- Directions
Here the requirement is to repeat every record exactly, in full.

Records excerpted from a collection

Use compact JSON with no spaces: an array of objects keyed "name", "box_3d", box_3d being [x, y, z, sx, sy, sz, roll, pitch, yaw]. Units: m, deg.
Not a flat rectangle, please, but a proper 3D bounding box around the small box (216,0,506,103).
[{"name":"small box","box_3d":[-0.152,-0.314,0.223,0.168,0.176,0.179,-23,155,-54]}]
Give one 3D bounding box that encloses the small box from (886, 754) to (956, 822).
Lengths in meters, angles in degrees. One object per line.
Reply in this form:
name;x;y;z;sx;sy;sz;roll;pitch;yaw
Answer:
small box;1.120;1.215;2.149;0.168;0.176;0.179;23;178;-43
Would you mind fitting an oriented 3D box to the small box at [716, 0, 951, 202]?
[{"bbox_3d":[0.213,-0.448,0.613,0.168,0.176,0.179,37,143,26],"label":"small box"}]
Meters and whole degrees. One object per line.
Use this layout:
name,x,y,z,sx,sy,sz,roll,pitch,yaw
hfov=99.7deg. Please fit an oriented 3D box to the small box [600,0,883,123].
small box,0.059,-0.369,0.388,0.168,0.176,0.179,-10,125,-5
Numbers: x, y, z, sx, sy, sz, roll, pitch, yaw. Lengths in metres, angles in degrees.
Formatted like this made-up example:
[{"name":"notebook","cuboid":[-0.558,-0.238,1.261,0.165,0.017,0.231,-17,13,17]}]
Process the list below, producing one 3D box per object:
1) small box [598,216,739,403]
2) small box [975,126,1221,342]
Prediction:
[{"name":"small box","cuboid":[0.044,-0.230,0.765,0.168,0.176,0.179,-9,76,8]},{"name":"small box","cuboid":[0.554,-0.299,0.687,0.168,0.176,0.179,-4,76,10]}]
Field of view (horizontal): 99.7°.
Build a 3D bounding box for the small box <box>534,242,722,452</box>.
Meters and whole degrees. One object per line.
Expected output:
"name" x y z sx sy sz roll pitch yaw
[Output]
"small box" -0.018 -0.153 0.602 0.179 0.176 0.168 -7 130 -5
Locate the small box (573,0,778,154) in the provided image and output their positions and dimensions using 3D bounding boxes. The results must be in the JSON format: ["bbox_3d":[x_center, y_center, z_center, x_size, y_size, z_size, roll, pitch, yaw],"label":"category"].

- Written answer
Use compact JSON with no spaces: an array of objects keyed "name", "box_3d", box_3d being [x, y, z, sx, sy, sz, roll, pitch, yaw]. Units: m, deg.
Not a flat rectangle, please, but a proper 3D bounding box around the small box (216,0,506,103).
[{"name":"small box","box_3d":[-0.152,-0.314,0.223,0.168,0.176,0.179,-23,155,-54]}]
Give one 3D bounding box that encloses the small box from (886, 754) to (956, 822).
Lengths in meters, angles in degrees. One object per line.
Reply in this form:
name;x;y;z;sx;sy;sz;roll;pitch;yaw
Answer:
small box;1.120;1.215;2.149;0.168;0.176;0.179;23;178;-43
Would you mind fitting an oriented 3D box to the small box at [716, 0, 951, 202]?
[{"bbox_3d":[0.213,-0.448,0.613,0.168,0.176,0.179,37,143,26],"label":"small box"}]
Meters and whole degrees. One object per line.
Use this layout:
name,x,y,z,sx,sy,sz,roll,pitch,yaw
hfov=99.7deg. Please fit an oriented 3D box to the small box [600,0,883,123].
small box,0.059,-0.369,0.388,0.168,0.176,0.179,-10,125,-5
Numbers: x, y, z, sx, sy, sz, roll, pitch, yaw. Lengths in metres, angles in degrees.
Formatted like this made-up example:
[{"name":"notebook","cuboid":[-0.558,-0.238,1.261,0.165,0.017,0.231,-17,13,17]}]
Process the list below, producing one 3D box per object:
1) small box [598,216,739,403]
2) small box [975,126,1221,342]
Prediction:
[{"name":"small box","cuboid":[0.044,-0.230,0.765,0.168,0.176,0.179,-9,76,8]},{"name":"small box","cuboid":[0.554,-0.299,0.687,0.168,0.176,0.179,-4,76,10]}]
Field of view (horizontal): 99.7°.
Build a 3D bounding box for the small box <box>534,242,722,452</box>.
Meters and whole degrees. One object per line.
Expected output:
"name" x y z sx sy sz roll pitch yaw
[Output]
"small box" -0.018 -0.153 0.602 0.179 0.176 0.168 -7 130 -5
Locate the small box (573,0,778,154) in the provided image and output their positions and dimensions using 3D bounding boxes. The results must be in the JSON format: ["bbox_3d":[x_center, y_center, z_center, x_size, y_size, z_size, roll, pitch, yaw],"label":"category"].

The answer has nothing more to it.